START Task data

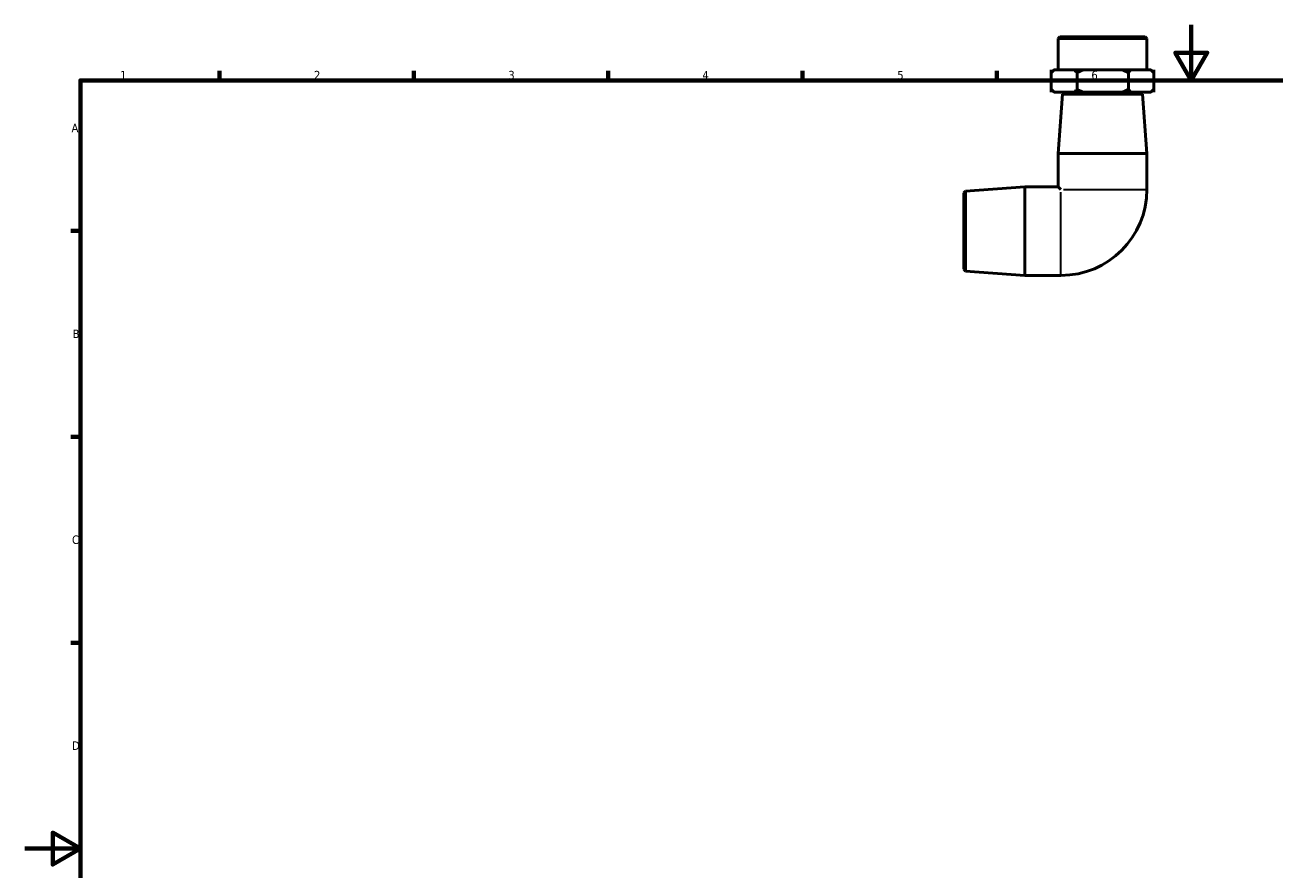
# Model space of a CAD drawing. Header units: millimetres. Extents: x 0 to 901, y -138 to 594.
# Tile 2 of 4: x 0 to 451, y 290 to 594. Entities that reach past the tile are written whole.
import ezdxf

# ---------------------------------------------------------------- set-up
doc = ezdxf.new("R2010")
doc.units = ezdxf.units.MM
for name, color, linetype, lineweight in [('Border (ANSI)', 7, 'Continuous', 70), ('Visible (ANSI)', 7, 'Continuous', 50), ('Visible Narrow (ANSI)', 7, 'Continuous', 35)]:
    doc.layers.add(name, color=color, linetype=linetype, lineweight=lineweight)
doc.styles.add('Note Text (ANSI)', font='tahoma.ttf')

# ---------------------------------------------------------------- blocks, each defined once
blk = doc.blocks.new('Borders Default Border')
at = {"layer": 'Border (ANSI)'}
for p, q in [((70.08, 574), (70.08, 577.45)), ((140.17, 574), (140.17, 577.45)), ((210.25, 574), (210.25, 577.45)), ((280.33, 574), (280.33, 577.45)), ((350.42, 574), (350.42, 577.45)), ((20, 519.75), (16.55, 519.75)), ((20, 445.5), (16.55, 445.5)), ((20, 371.25), (16.55, 371.25))]:
    blk.add_line(p, q, dxfattribs=at)
at = {"layer": 'Border (ANSI)', "flags": 128}
for points in [[(420.5, 594), (420.5, 574), (414.73, 584), (426.27, 584), (420.5, 574)], [(20, 20), (20, 574), (821, 574), (821, 20), (20, 20)], [(0, 297), (20, 297), (10, 302.77), (10, 291.23), (20, 297)]]:
    blk.add_lwpolyline(points, dxfattribs=at)
at = {"layer": 'Border (ANSI)', "color": 230, "true_color": 0xff0080, "char_height": 3.05, "attachment_point": 7, "style": 'Note Text (ANSI)'}
for s, insert in [('1', (34.35, 574.4)), ('2', (104.2, 574.4)), ('3', (174.26, 574.34)), ('4', (244.23, 574.4)), ('5', (314.48, 574.34)), ('6', (384.49, 574.34)), ('A', (16.78, 555.35)), ('B', (17.15, 481.1)), ('C', (16.95, 406.8)), ('D', (16.96, 332.6))]:
    blk.add_mtext(s, dxfattribs=dict(at, insert=insert))

msp = doc.modelspace()

# ---------------------------------------------------------------- linework, layer by layer
at = {"layer": 'Visible (ANSI)'}
for p, q in [((373.093, 589.69), (372.493, 589.09)), ((404.493, 589.09), (372.493, 589.09)), ((372.493, 589.09), (372.493, 577.79)), ((373.093, 589.69), (403.893, 589.69)), ((403.893, 589.69), (404.493, 589.09)), ((404.493, 589.09), (404.493, 577.79)), ((370.018, 576.79), (370.018, 577.79)), ((370.018, 577.79), (370.018, 577.79)), ((370.018, 569.79), (370.018, 577.79)), ((371.018, 577.79), (370.068, 576.839)), ((371.133, 577.79), (371.018, 577.79)), ((371.133, 577.79), (374.674, 577.79)), ((374.674, 577.79), (378.216, 577.79)), ((379.33, 577.79), (378.216, 577.79)), ((379.33, 577.79), (379.33, 576.79)), ((379.33, 569.79), (379.33, 577.79)), ((379.33, 577.79), (379.33, 577.79)), ((379.33, 577.79), (379.331, 577.79)), ((379.331, 576.79), (379.331, 577.79)), ((381.541, 577.79), (379.331, 577.79)), ((381.541, 577.79), (388.568, 577.79)), ((388.568, 577.79), (395.595, 577.79)), ((397.805, 577.79), (395.595, 577.79)), ((397.805, 577.79), (397.805, 576.79)), ((397.805, 577.79), (397.805, 577.79)), ((397.805, 577.79), (397.806, 577.79)), ((397.805, 569.79), (397.805, 577.79)), ((397.806, 576.79), (397.806, 577.79)), ((398.902, 577.79), (397.806, 577.79)), ((398.902, 577.79), (402.387, 577.79)), ((402.387, 577.79), (405.872, 577.79)), ((405.968, 577.79), (405.872, 577.79)), ((405.968, 577.79), (406.919, 576.839)), ((406.968, 577.79), (406.968, 576.79)), ((406.968, 577.79), (406.968, 577.79)), ((406.968, 569.79), (406.968, 577.79)), ((370.018, 569.79), (370.018, 570.79)), ((370.018, 569.79), (370.018, 569.79)), ((371.018, 569.79), (370.068, 570.741)), ((371.018, 569.79), (371.133, 569.79)), ((371.133, 569.79), (378.216, 569.79)), ((374.05, 569.091), (372.493, 547.69)), ((374.693, 569.69), (374.05, 569.091)), ((402.937, 569.091), (374.05, 569.091)), ((374.693, 569.69), (402.293, 569.69)), ((378.216, 569.79), (379.33, 569.79)), ((378.493, 569.79), (378.493, 569.69)), ((379.33, 570.79), (379.33, 569.79)), ((379.33, 569.79), (379.33, 569.79)), ((379.33, 569.79), (379.331, 569.79)), ((379.331, 569.79), (379.331, 570.79)), ((379.331, 569.79), (381.541, 569.79)), ((381.541, 569.79), (395.595, 569.79)), ((395.595, 569.79), (397.805, 569.79)), ((397.805, 570.79), (397.805, 569.79)), ((397.805, 569.79), (397.806, 569.79)), ((397.805, 569.79), (397.805, 569.79)), ((397.806, 569.79), (397.806, 570.79)), ((397.806, 569.79), (398.902, 569.79)), ((398.493, 569.79), (398.493, 569.69)), ((398.902, 569.79), (405.872, 569.79)), ((402.293, 569.69), (402.937, 569.091)), ((402.937, 569.091), (404.493, 547.69)), ((405.872, 569.79), (405.968, 569.79)), ((405.968, 569.79), (406.919, 570.741)), ((406.968, 570.79), (406.968, 569.79)), ((406.968, 569.79), (406.968, 569.79)), ((372.493, 547.69), (404.493, 547.69)), ((372.493, 547.69), (372.493, 535.69)), ((404.493, 547.69), (404.493, 534.69)), ((338.493, 533.49), (339.092, 534.133)), ((338.493, 505.89), (338.493, 533.49)), ((339.092, 534.133), (360.493, 535.69)), ((339.092, 534.133), (339.092, 505.246)), ((360.493, 503.69), (360.493, 535.69)), ((360.493, 535.69), (372.493, 535.69)), ((372.493, 535.69), (373.493, 534.69)), ((338.493, 505.89), (339.092, 505.246)), ((339.092, 505.246), (360.493, 503.69)), ((360.493, 503.69), (373.493, 503.69))]:
    msp.add_line(p, q, dxfattribs=at)
msp.add_arc((373.493, 534.69), 31, 270, 0, dxfattribs=at)
for points, weights in [([(371.133, 577.79), (370.591, 577.358), (370.018, 576.79)], [1, 1.00189560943, 1]), ([(379.33, 576.79), (378.758, 577.358), (378.216, 577.79)], [1, 1.00189560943, 1]), ([(381.541, 577.79), (380.467, 577.358), (379.331, 576.79)], [1, 1.00189560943, 1]), ([(397.805, 576.79), (396.669, 577.358), (395.595, 577.79)], [1, 1.00189560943, 1]), ([(398.902, 577.79), (398.369, 577.358), (397.806, 576.79)], [1, 1.00189560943, 1]), ([(406.968, 576.79), (406.405, 577.358), (405.872, 577.79)], [1, 1.00189560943, 1]), ([(370.018, 576.79), (370.043, 576.815), (370.068, 576.839)], [1, 1.00008251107, 1.00015783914]), ([(370.018, 570.79), (370.591, 570.222), (371.133, 569.79)], [1, 1.00189560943, 1]), ([(370.068, 570.741), (370.043, 570.765), (370.018, 570.79)], [1.00015783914, 1.00008251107, 1]), ([(378.216, 569.79), (378.758, 570.222), (379.33, 570.79)], [1, 1.00189560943, 1]), ([(379.331, 570.79), (380.467, 570.222), (381.541, 569.79)], [1, 1.00189560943, 1]), ([(395.595, 569.79), (396.669, 570.222), (397.805, 570.79)], [1, 1.00189560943, 1]), ([(397.806, 570.79), (398.369, 570.222), (398.902, 569.79)], [1, 1.00189560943, 1]), ([(405.872, 569.79), (406.405, 570.222), (406.968, 570.79)], [1, 1.00189560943, 1])]:
    msp.add_rational_spline(points, weights, degree=2, dxfattribs=at)
at = {"layer": 'Visible Narrow (ANSI)'}
for p, q in [((373.493, 503.845), (373.493, 533.771)), ((374.412, 534.69), (404.338, 534.69))]:
    msp.add_line(p, q, dxfattribs=at)

# ---------------------------------------------------------------- block references
msp.add_blockref('Borders Default Border', (0, 0))

doc.saveas('drawing.dxf')

END Task data

* Work item
Where does the string "Borders" occur in the material? Copy every line where it does.

* Result for this task
blk = doc.blocks.new('Borders Default Border')
msp.add_blockref('Borders Default Border', (0, 0))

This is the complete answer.